### Listed entries:
--------------------------------------------------

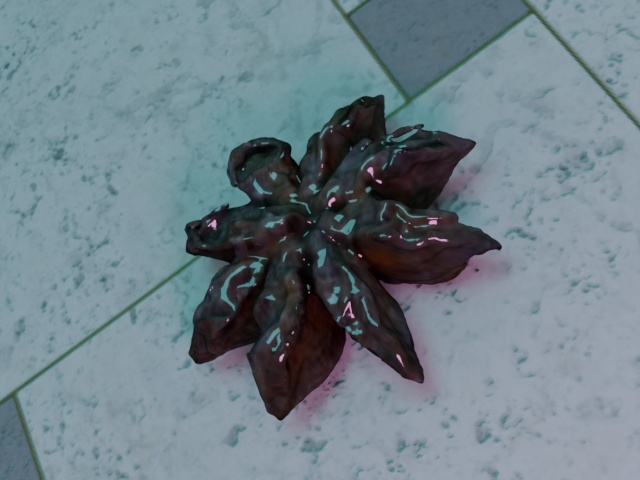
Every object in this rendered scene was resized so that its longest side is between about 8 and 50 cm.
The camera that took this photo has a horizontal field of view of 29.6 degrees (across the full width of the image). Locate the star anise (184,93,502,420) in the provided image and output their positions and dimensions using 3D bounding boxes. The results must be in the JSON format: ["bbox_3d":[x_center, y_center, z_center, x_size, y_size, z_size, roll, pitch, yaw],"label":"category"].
[{"bbox_3d":[0.000,0.002,1.086,0.332,0.117,0.331,-17,55,27],"label":"star anise"}]
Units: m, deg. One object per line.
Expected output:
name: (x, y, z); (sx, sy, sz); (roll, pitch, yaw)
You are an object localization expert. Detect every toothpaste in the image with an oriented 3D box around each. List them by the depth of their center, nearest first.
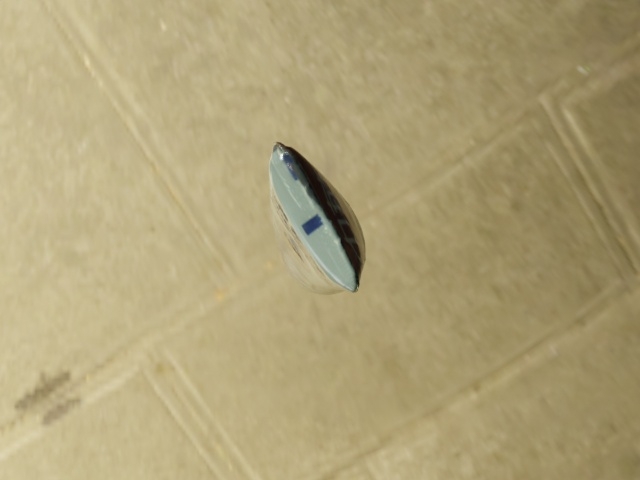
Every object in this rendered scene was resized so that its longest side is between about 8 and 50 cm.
toothpaste: (0.000, 0.000, 0.744); (0.039, 0.239, 0.062); (-28, 86, -1)
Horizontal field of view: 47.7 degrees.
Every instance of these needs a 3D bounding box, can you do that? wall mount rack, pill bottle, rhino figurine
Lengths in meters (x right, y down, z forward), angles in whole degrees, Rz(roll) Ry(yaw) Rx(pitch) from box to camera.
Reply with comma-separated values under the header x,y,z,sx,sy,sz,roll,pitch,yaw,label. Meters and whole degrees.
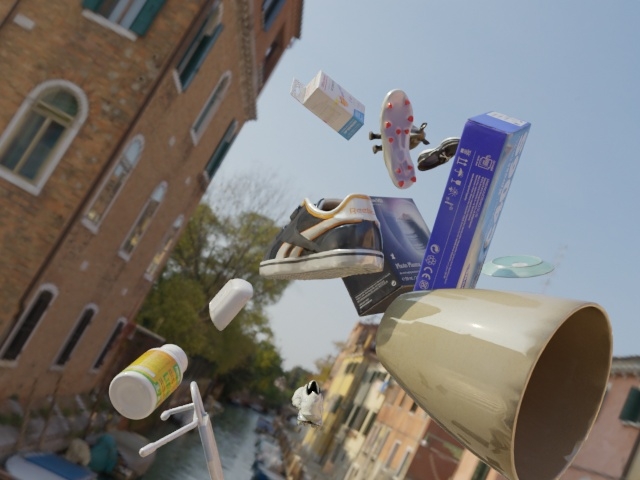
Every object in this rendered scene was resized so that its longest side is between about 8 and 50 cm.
x,y,z,sx,sy,sz,roll,pitch,yaw,label
-0.298,0.510,1.619,0.130,0.350,0.304,-14,3,-5,wall mount rack
-0.470,0.384,2.027,0.136,0.136,0.245,27,20,7,pill bottle
0.205,-0.257,1.799,0.106,0.073,0.243,-5,4,-13,rhino figurine

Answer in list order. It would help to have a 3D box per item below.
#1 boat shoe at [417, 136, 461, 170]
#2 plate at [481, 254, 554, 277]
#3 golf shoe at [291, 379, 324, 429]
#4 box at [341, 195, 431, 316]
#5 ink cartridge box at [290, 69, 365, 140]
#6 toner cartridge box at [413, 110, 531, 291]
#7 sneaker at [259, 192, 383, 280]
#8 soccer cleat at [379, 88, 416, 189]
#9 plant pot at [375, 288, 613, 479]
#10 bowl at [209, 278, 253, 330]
x,y,z,sx,sy,sz,roll,pitch,yaw,label
0.256,-0.182,1.538,0.125,0.038,0.046,-18,-47,42,boat shoe
0.501,0.062,1.849,0.188,0.024,0.188,-4,11,1,plate
-0.018,0.344,1.591,0.069,0.086,0.176,13,6,-11,golf shoe
0.190,0.037,2.066,0.296,0.182,0.294,-2,59,-50,box
0.019,-0.333,1.718,0.181,0.061,0.104,35,31,-19,ink cartridge box
0.251,-0.036,1.223,0.075,0.348,0.165,23,24,22,toner cartridge box
0.000,0.000,1.207,0.126,0.128,0.321,5,-10,-32,sneaker
0.142,-0.192,1.375,0.076,0.068,0.196,-127,-155,-64,soccer cleat
0.219,0.172,1.015,0.274,0.257,0.256,18,-15,43,plant pot
-0.247,0.162,1.938,0.053,0.142,0.142,42,0,-16,bowl
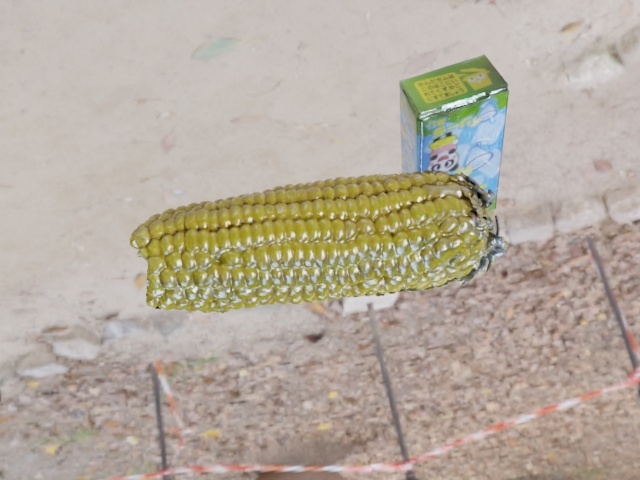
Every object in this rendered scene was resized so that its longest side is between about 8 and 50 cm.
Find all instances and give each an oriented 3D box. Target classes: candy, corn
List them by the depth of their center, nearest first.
[{"bbox_3d":[0.000,0.000,0.657,0.317,0.115,0.115,-7,156,-6],"label":"corn"},{"bbox_3d":[0.137,-0.095,0.816,0.097,0.062,0.194,-19,144,-7],"label":"candy"}]
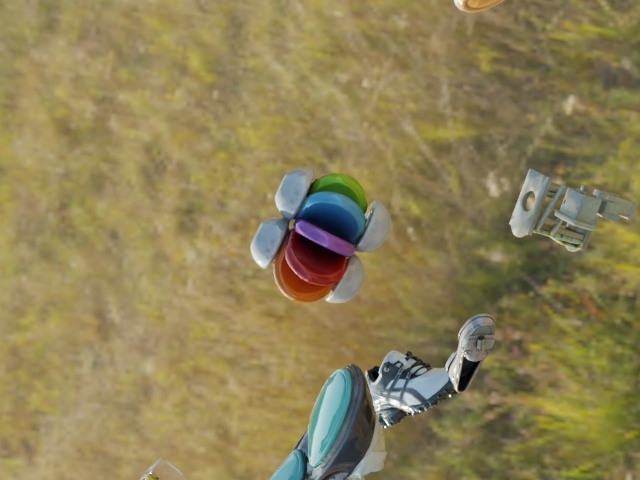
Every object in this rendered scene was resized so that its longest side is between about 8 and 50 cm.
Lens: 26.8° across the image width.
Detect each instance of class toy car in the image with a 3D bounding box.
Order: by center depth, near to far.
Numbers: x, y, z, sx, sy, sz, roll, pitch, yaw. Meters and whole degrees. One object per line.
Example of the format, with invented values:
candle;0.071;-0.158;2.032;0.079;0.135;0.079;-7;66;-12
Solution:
toy car;0.000;0.000;1.779;0.182;0.159;0.136;-63;6;12

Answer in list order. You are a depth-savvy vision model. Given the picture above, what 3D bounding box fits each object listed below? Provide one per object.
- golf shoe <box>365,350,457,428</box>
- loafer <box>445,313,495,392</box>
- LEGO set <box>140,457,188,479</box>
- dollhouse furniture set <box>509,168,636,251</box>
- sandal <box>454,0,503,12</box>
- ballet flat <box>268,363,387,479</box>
golf shoe;0.121;0.188;1.802;0.198;0.077;0.094;-32;80;50
loafer;0.185;0.138;1.618;0.125;0.045;0.039;109;157;-49
LEGO set;-0.132;0.397;1.669;0.132;0.287;0.107;21;66;48
dollhouse furniture set;0.405;-0.019;1.997;0.161;0.181;0.101;39;113;62
sandal;0.251;-0.285;1.331;0.265;0.102;0.076;-36;69;35
ballet flat;0.010;0.173;1.064;0.074;0.074;0.203;-102;32;-46
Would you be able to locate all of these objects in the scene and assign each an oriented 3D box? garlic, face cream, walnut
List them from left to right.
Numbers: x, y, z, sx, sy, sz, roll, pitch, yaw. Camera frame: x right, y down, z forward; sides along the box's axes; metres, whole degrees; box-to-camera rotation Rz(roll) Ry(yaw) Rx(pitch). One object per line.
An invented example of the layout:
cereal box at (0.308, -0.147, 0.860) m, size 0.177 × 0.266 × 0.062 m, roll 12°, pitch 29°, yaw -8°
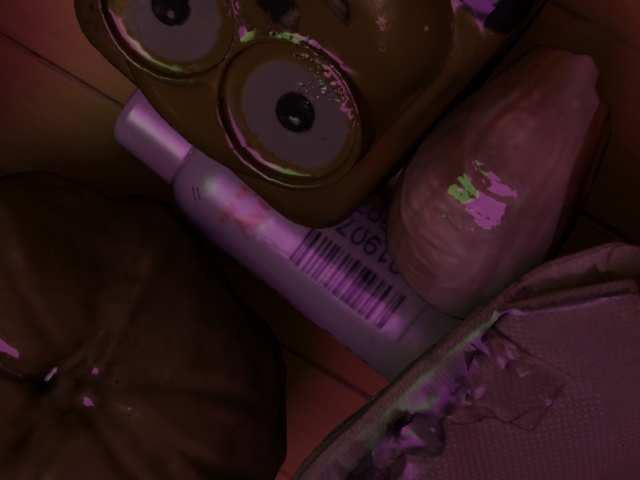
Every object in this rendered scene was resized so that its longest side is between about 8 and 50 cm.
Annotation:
walnut at (-0.167, 0.095, 0.863) m, size 0.277 × 0.282 × 0.253 m, roll -23°, pitch 66°, yaw 60°
face cream at (0.000, 0.000, 0.835) m, size 0.269 × 0.082 × 0.082 m, roll 38°, pitch 129°, yaw 0°
garlic at (0.084, -0.010, 0.724) m, size 0.087 × 0.101 × 0.195 m, roll 40°, pitch 161°, yaw 16°

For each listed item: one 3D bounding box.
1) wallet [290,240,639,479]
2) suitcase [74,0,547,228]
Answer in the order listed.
wallet at (0.127, 0.116, 0.770) m, size 0.275 × 0.068 × 0.335 m, roll 17°, pitch 131°, yaw -39°
suitcase at (0.000, -0.132, 0.712) m, size 0.194 × 0.143 × 0.235 m, roll 40°, pitch 130°, yaw -1°
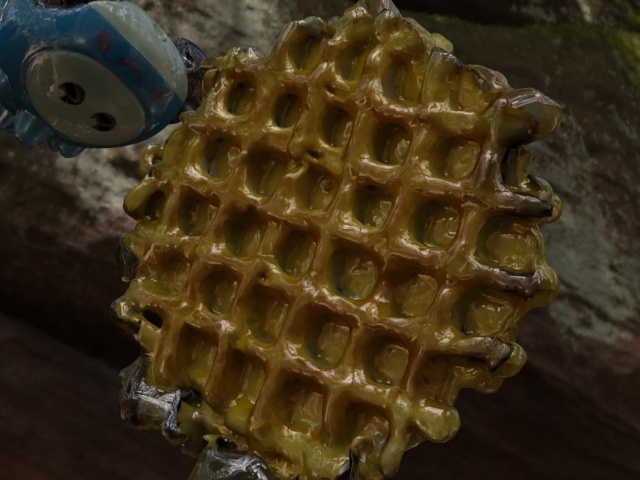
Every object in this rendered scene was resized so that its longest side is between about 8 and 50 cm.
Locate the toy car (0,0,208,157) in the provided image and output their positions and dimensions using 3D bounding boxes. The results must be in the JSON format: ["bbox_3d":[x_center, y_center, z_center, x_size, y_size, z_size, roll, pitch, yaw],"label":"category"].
[{"bbox_3d":[-0.244,-0.173,0.956,0.190,0.255,0.188,-51,-50,-9],"label":"toy car"}]

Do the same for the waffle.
[{"bbox_3d":[-0.008,0.007,0.585,0.329,0.329,0.062,-23,-23,25],"label":"waffle"}]
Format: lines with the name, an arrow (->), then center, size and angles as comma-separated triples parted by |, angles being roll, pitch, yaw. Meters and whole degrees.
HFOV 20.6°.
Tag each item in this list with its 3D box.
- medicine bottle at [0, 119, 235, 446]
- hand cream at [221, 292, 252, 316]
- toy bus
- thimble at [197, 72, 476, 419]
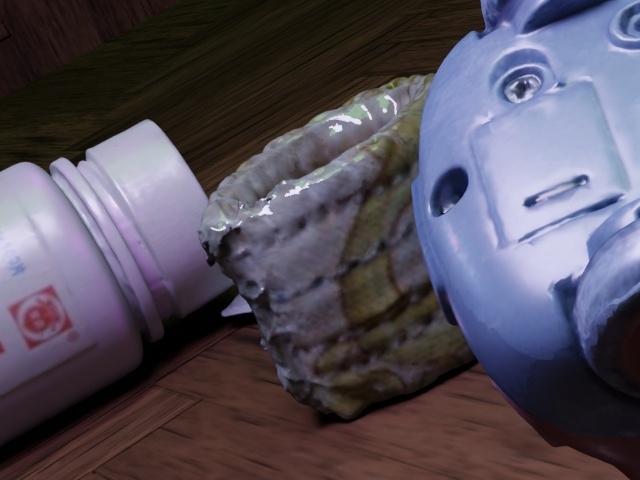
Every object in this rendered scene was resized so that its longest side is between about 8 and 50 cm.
medicine bottle -> -0.212, 0.042, 1.219 | 0.293, 0.170, 0.170 | -29, 16, -13
hand cream -> 0.000, 0.000, 1.279 | 0.067, 0.042, 0.194 | -4, 30, 35
toy bus -> 0.195, -0.007, 0.655 | 0.294, 0.232, 0.197 | -22, 43, 9
thimble -> 0.027, 0.004, 1.015 | 0.190, 0.143, 0.137 | -36, 19, -34
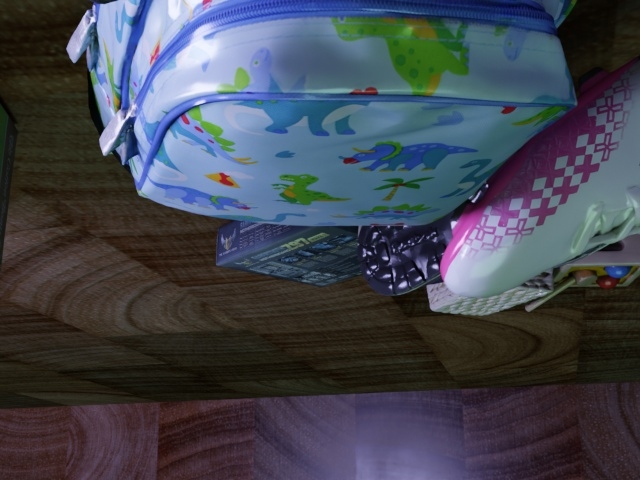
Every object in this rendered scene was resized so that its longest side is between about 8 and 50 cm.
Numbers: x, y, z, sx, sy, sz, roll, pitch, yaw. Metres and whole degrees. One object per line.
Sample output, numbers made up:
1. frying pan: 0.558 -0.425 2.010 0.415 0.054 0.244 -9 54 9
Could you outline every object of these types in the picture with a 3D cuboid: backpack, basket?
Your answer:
1. backpack: 0.004 -0.123 0.486 0.290 0.273 0.355 7 150 -14
2. basket: 0.224 0.035 1.143 0.113 0.103 0.167 7 160 -24

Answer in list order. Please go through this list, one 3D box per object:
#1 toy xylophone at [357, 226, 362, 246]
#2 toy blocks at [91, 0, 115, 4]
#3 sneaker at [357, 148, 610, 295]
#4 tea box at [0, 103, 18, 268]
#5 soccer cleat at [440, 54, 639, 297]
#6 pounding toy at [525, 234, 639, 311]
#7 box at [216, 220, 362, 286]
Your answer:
1. toy xylophone: 0.171 -0.063 0.881 0.236 0.081 0.323 3 161 -10
2. toy blocks: -0.180 -0.215 0.099 0.260 0.289 0.309 -6 164 -4
3. sneaker: 0.171 -0.021 0.760 0.124 0.107 0.283 -3 172 -42
4. tea box: -0.453 -0.061 0.657 0.329 0.220 0.323 0 162 -1
5. soccer cleat: 0.231 -0.058 0.569 0.331 0.143 0.116 -43 159 -2
6. pounding toy: 0.353 0.031 1.139 0.141 0.100 0.130 -1 161 3
7. box: 0.000 0.000 1.105 0.183 0.059 0.232 13 158 -35
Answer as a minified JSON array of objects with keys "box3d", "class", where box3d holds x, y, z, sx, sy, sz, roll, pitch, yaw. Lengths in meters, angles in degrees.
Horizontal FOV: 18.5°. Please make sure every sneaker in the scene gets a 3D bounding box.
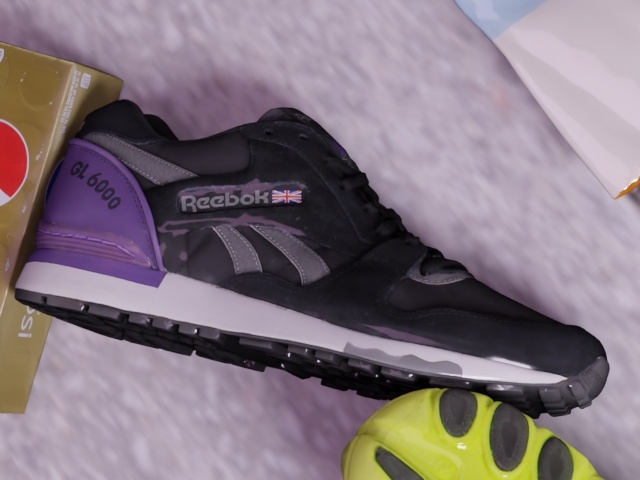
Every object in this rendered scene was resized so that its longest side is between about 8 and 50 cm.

--------------------------------------------------

### Brief:
Look through the material above. Transcribe exactly the lines between the ones with "For each listed item: one 3D bounding box." and "- thimble at [197, 72, 476, 419]", inclusive, and keep pictures out.

### Completed exercise:
For each listed item: one 3D bounding box.
1) wallet [290,240,639,479]
2) suitcase [74,0,547,228]
Answer in the order listed.
wallet at (0.127, 0.116, 0.770) m, size 0.275 × 0.068 × 0.335 m, roll 17°, pitch 131°, yaw -39°
suitcase at (0.000, -0.132, 0.712) m, size 0.194 × 0.143 × 0.235 m, roll 40°, pitch 130°, yaw -1°
Every object in this rendered scene was resized so that its longest side is between about 8 and 50 cm.
Locate the toy car (0,0,208,157) in the provided image and output their positions and dimensions using 3D bounding boxes. The results must be in the JSON format: ["bbox_3d":[x_center, y_center, z_center, x_size, y_size, z_size, roll, pitch, yaw],"label":"category"].
[{"bbox_3d":[-0.244,-0.173,0.956,0.190,0.255,0.188,-51,-50,-9],"label":"toy car"}]

Do the same for the waffle.
[{"bbox_3d":[-0.008,0.007,0.585,0.329,0.329,0.062,-23,-23,25],"label":"waffle"}]
Format: lines with the name, an arrow (->), then center, size and angles as comma-separated triples parted by |, angles being roll, pitch, yaw. Meters and whole degrees.
HFOV 20.6°.
Tag each item in this list with its 3D box.
- medicine bottle at [0, 119, 235, 446]
- hand cream at [221, 292, 252, 316]
- toy bus
- thimble at [197, 72, 476, 419]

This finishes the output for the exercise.